Leave every picture out, and write out the remaining entries exactly.

**PROVIDED DATA**
• • • • • • •
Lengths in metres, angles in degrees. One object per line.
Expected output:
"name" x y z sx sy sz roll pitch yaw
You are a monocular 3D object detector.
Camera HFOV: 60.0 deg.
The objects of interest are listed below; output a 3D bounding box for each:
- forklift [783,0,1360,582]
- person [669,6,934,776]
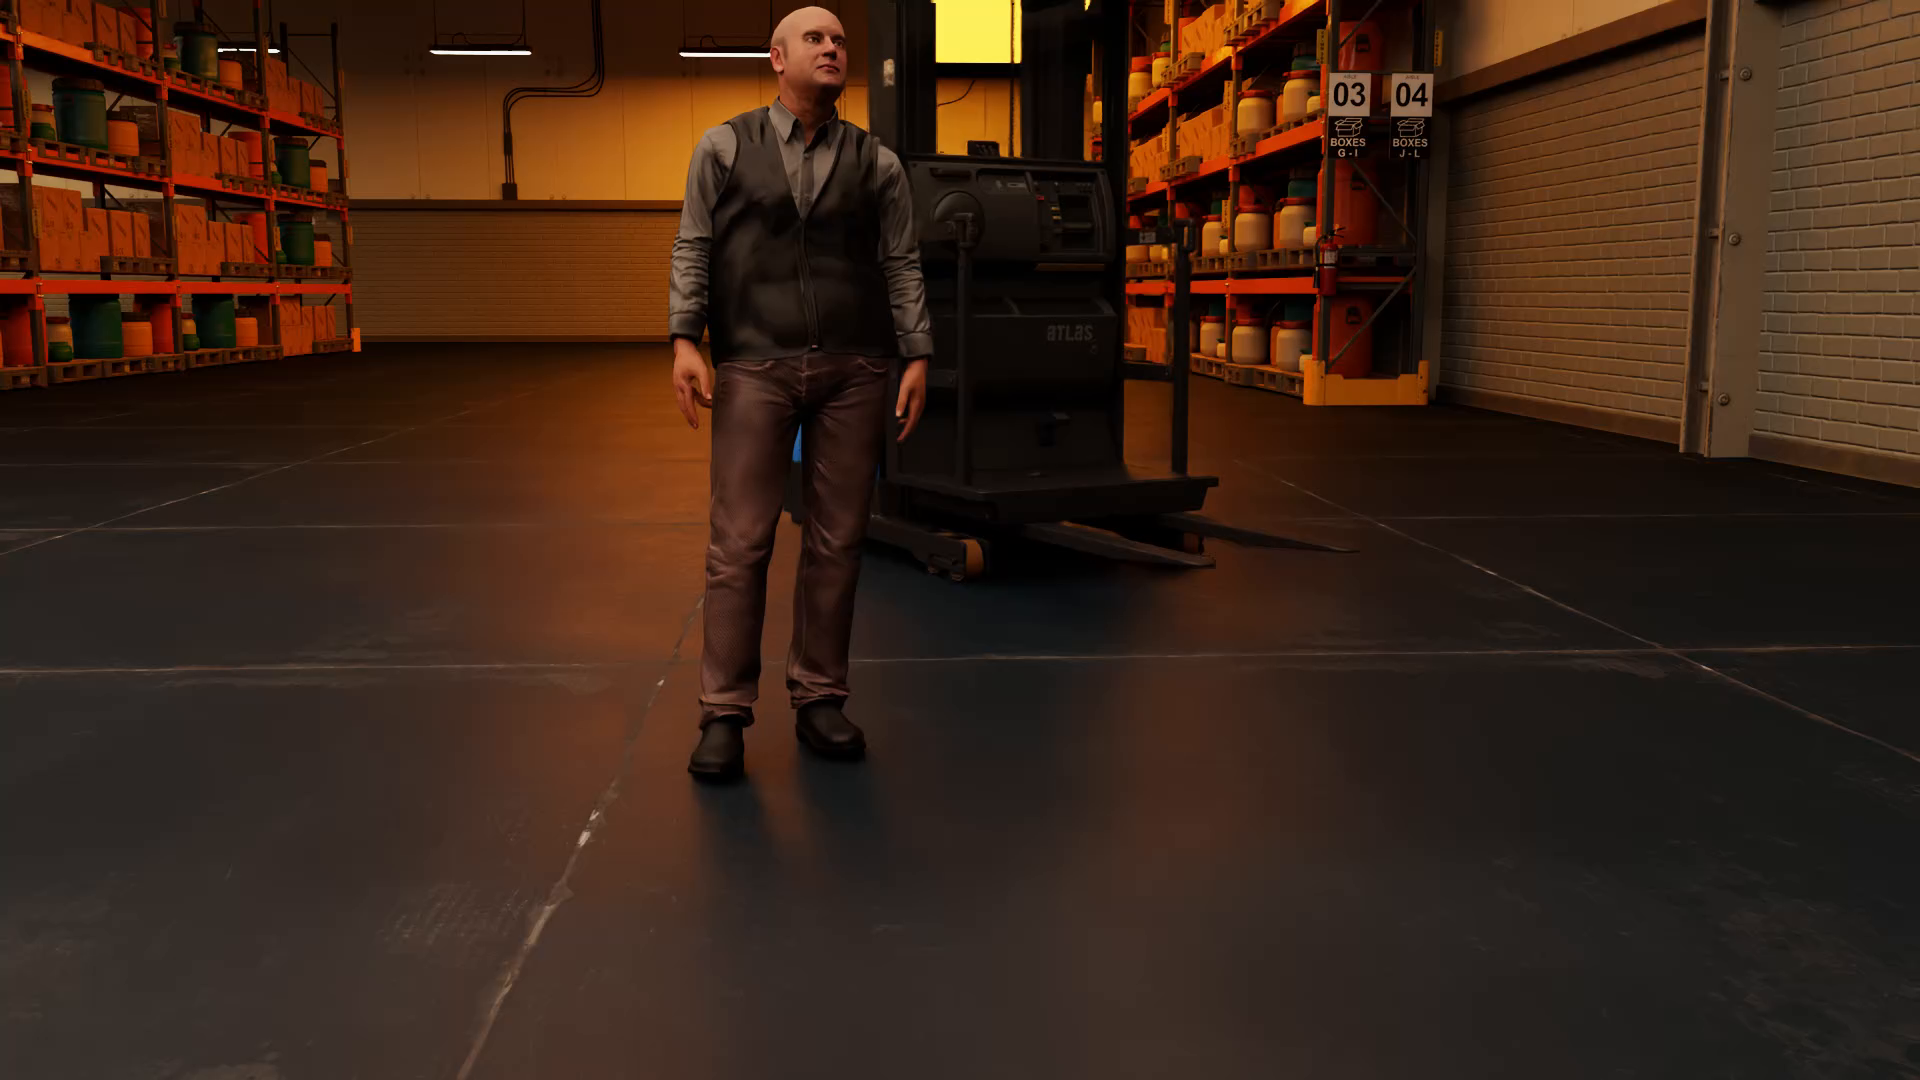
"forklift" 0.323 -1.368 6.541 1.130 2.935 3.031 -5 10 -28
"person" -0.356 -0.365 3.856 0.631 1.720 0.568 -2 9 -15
• • • • • • •
**REPLY TO THE TASK**
Lengths in metres, angles in degrees. One object per line.
Expected output:
"name" x y z sx sy sz roll pitch yaw
You are a monocular 3D object detector.
Camera HFOV: 60.0 deg.
The objects of interest are listed below; output a 3D bounding box for each:
- forklift [783,0,1360,582]
- person [669,6,934,776]
"forklift" 0.323 -1.368 6.541 1.130 2.935 3.031 -5 10 -28
"person" -0.356 -0.365 3.856 0.631 1.720 0.568 -2 9 -15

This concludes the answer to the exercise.